I saw the M3 Pro-powered MacBook running Photoshop tasks pretty smoothly, but that’s not necessarily new news if you’ve used the last-generation laptop. The M3 Max on the top end can have up to 128 GB of RAM, something that Apple is gearing toward folks who need a great deal of processing power. Apple showed me how it could run a 3D rendering program and animation simultaneously, and both took up around 90 GB of memory. Essentially, Apple is telling all the hardcore creatives out there they don’t need a full M1 Mac Studio to do some strenuous tasks.

In what seems like a new step for Apple, the company is really trying to hammer home the gaming potential for its laptop line. It’s been more than a decade since most folks—laypeople and techies alike—thought of the Mac as a gaming machine, but Apple dedicated an entire room to showing how some games fared on the company’s M3 Pro-powered MacBooks.

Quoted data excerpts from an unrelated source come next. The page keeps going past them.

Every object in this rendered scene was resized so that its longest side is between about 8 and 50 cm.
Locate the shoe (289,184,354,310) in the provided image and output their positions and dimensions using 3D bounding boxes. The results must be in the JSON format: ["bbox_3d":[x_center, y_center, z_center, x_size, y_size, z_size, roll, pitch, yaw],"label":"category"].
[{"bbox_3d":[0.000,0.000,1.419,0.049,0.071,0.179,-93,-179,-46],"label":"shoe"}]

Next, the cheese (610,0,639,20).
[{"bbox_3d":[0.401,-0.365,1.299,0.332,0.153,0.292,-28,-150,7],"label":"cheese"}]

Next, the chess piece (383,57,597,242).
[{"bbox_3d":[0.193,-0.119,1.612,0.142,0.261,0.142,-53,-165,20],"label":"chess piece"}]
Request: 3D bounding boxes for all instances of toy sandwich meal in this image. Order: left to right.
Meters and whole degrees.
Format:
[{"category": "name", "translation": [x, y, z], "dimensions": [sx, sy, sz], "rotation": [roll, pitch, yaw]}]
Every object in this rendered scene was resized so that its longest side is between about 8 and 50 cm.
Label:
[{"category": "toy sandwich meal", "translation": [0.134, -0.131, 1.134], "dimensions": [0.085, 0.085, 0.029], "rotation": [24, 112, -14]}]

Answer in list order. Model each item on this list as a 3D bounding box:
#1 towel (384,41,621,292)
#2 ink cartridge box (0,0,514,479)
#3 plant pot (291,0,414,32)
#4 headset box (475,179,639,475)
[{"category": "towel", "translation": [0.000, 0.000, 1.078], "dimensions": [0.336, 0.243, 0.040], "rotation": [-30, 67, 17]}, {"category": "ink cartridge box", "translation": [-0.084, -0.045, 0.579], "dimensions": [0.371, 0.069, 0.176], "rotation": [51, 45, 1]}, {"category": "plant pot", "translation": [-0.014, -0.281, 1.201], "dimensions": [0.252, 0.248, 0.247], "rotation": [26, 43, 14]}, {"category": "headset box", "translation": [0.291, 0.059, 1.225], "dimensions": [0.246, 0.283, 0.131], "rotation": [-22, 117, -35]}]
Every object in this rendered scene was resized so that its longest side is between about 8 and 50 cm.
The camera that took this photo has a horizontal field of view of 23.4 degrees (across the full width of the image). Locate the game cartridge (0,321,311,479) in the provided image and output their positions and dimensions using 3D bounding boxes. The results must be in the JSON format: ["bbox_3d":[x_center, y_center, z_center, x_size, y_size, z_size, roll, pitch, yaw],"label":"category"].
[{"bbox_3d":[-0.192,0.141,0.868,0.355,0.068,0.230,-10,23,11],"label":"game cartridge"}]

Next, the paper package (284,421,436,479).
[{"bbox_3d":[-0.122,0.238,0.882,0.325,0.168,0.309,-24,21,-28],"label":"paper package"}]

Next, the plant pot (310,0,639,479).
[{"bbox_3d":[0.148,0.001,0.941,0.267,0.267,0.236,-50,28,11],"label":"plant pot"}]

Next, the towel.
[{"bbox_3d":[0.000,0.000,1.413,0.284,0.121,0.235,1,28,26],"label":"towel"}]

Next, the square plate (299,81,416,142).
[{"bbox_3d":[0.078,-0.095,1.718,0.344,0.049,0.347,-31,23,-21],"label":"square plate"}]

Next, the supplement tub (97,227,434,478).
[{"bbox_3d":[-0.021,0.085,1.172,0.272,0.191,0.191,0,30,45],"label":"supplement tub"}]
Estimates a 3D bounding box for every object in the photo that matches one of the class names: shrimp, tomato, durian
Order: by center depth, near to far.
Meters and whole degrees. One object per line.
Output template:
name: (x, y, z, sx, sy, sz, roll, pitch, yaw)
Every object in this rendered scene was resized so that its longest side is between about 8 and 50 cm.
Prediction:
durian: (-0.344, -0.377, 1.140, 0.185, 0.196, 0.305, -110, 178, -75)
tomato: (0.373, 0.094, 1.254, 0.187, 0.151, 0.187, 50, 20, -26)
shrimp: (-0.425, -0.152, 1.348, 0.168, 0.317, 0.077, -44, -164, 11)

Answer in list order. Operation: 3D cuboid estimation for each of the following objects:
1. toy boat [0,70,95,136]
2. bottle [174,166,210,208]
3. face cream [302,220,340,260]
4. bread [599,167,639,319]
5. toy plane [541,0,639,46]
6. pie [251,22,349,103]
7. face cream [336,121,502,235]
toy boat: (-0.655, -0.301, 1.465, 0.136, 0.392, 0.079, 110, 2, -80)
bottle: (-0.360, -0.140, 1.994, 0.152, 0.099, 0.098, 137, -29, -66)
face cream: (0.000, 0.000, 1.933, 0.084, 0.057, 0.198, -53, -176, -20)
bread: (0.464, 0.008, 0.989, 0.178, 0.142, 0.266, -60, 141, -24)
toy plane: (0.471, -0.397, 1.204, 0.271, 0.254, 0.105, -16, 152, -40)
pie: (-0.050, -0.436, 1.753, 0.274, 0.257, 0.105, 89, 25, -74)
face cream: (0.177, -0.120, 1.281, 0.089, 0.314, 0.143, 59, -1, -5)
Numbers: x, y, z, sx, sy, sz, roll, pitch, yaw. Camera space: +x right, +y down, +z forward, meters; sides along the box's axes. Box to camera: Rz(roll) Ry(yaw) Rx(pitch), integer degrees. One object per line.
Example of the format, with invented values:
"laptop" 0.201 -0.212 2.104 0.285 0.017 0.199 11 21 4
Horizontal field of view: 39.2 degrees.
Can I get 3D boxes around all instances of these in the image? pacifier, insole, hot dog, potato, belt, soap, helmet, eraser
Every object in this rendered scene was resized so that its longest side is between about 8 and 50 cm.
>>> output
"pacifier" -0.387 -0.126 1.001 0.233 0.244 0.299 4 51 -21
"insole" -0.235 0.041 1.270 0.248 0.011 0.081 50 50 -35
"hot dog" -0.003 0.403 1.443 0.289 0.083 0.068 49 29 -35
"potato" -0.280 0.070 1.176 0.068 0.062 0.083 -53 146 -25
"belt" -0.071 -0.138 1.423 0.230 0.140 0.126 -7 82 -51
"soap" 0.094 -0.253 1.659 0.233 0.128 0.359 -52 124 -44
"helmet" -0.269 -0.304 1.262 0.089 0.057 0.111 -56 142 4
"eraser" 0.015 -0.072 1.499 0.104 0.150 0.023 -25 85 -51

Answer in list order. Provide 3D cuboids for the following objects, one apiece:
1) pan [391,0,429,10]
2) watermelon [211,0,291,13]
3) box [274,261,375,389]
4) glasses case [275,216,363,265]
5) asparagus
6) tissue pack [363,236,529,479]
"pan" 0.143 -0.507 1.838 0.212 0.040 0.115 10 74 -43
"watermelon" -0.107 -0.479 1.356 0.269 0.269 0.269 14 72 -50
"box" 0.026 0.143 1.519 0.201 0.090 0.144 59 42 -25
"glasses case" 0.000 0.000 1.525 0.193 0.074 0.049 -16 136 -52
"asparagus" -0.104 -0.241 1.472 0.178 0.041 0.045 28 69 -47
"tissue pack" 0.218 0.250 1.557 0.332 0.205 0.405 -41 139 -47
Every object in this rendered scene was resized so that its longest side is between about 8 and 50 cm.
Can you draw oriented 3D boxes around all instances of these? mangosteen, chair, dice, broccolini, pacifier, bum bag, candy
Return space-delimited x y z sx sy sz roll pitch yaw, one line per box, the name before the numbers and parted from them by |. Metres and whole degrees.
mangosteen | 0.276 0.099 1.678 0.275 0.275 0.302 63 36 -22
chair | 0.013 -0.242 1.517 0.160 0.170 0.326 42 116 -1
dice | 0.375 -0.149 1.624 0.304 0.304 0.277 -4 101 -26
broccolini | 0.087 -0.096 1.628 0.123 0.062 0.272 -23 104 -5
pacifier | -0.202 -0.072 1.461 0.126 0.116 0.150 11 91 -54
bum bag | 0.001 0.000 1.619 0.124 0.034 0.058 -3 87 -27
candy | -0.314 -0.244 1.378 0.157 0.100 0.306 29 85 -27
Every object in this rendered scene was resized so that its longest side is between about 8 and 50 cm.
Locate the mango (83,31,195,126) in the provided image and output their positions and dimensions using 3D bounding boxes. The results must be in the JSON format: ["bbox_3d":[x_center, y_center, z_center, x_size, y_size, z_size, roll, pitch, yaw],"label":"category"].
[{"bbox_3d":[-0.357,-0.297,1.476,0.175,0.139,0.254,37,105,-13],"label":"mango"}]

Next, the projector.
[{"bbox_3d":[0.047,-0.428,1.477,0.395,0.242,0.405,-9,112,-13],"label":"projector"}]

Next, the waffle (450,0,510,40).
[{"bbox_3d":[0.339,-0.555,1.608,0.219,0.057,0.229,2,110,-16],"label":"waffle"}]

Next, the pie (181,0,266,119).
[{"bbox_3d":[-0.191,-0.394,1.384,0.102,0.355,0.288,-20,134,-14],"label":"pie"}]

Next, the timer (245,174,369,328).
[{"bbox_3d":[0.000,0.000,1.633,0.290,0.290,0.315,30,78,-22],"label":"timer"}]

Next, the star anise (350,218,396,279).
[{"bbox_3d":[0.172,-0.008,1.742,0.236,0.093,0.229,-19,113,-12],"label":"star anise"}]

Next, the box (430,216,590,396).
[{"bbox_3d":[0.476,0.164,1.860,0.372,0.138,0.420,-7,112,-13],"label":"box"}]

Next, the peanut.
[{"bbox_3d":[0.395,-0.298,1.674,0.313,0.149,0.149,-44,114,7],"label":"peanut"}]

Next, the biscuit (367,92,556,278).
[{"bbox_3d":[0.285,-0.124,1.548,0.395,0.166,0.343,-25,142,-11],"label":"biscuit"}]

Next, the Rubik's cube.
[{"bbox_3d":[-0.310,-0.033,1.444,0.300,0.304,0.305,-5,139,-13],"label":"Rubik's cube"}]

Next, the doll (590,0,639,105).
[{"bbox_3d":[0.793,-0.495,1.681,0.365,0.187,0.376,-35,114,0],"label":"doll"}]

I saw Baldur’s Gate III running well on medium settings, but I couldn’t run it on higher settings. It was a similar story with another MacBook running Lies of P, which was also on medium to low settings. Otherwise, the company was showing off a few in-house benchmark demos and games like Myst, which few would consider a very demanding experience. The M3-powered iMac can play Stray on high settings if that really says anything about its overall gaming performance.

Oh, that’s right. There’s also a 24-inch M3-powered iMac. The iMac refresh made such little impact Apple barely dedicated more than two minutes during its presentation to its mainstay desktop PC. It’s the first we’ve seen of the device since 2021, but a few Apple fans were crossing their fingers to see a 32-inch iMac grace the scene—no such luck. The newest refresh isn’t all too refreshing, anyway. Despite the iPhone 15 finally switching to USB-C, the Magic Keyboard, Magic Mouse, and Magic Trackpad still use Lightning.

Apple Says Goodbye to The Touch Bar

One thing that did not make an appearance was the 13-inch MacBook Pro with Touch Bar keyboard, which started at $US1,300 for the M2-powered version, signaling the end of the divisive Touch Bar era. The base M3 MacBook model also only has 8 GB of RAM, which is a low starting point for any laptop, let alone one housing a faster CPU than its predecessors. You’ll have to spend $US2,000 to get the M3 Pro version with a base 18 GB of unified memory at 14 inches. The 16-inch Pro model only comes in M3 Pro and M3 Max flavors, starting at $US2,500 and $US3,500, respectively. Oh, and if you want that sleek black color, you’ll need to jump for the M3 Pro or M3 Max.

As noted by MacRumors, the new M3 Pro chip has 25% less memory bandwidth than the M1 and M2 Pro CPUs, a notable exception, but it could be a moot point depending on how well the new MacBooks do out in the field. Let’s hope we get a full year with these devices before ending up in Apple’s spooky graveyard like the ill-fated M2-powered MacBook Pros.